Decided on August 31, 2005
Supreme Court, Kings County

Peretz Strahl, Inc., Plaintiff,

against

Fidelity National Title Insurance Of New York., Defendants.



35654 / 2004

Wayne P Saitta, J.

The Defendant, FIDELITY NATIONAL TITLE INSURANCE OF NEW YORK moved pursuant to C.P.L.R. § 3211 (a) for an Order dismissing Plaintiff's Complaint with prejudice for failure to state a cause of action. Plaintiff, PERETZ STRAHL INC., cross moves for summary judgment pursuant to CPLR 3212.

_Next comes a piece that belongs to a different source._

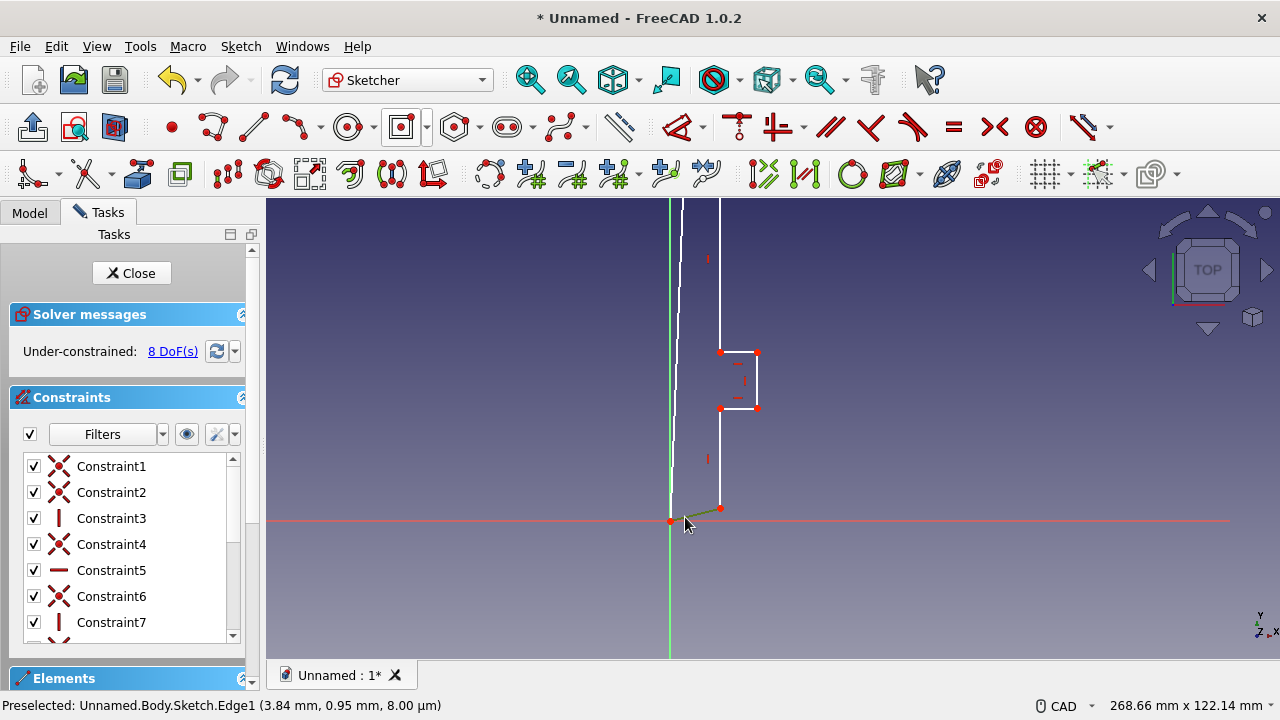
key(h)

Upon review and consideration of Defendant's the Notice of Motion and the attached Affidavit of Irwin J. Weinstein dated February 8 2005, and Affirmation of Maria Siders Frazis, dated February 9th, 2005; Plaintiff, PERETZ STRAHL, INC.'s Notice of Cross Motion, and Affirmation in Support in Cross Motion and In Opposition to the Motion, of Scott Goldberg, dated March 8th, 2005 and annexed exhibits; Defendant's Attorney's Affirmation in Further Support of Motion to Dismiss and in Opposition to Cross Motion dated March 24, 2005 and annexed exhibits; and Plaintiff's Reply Affirmation in Further Support of the Cross-Motion and in Opposition to the Motion dated March 28th, 2005, all exhibits annexed thereto, all the proceedings heretofore had herein and after argument of counsel and due deliberation thereon, the motion and cross motion are denied for the reasons set forth below.

FACTS AND ARGUMENTSThis is an action for a judgment, declaring that the title insurance policy issued by Defendant to Plaintiff provided coverage for an emergency repair lien in the amount of $29,975 against the building, and that defendant is required to pay plaintiff that sum pursuant to the policy.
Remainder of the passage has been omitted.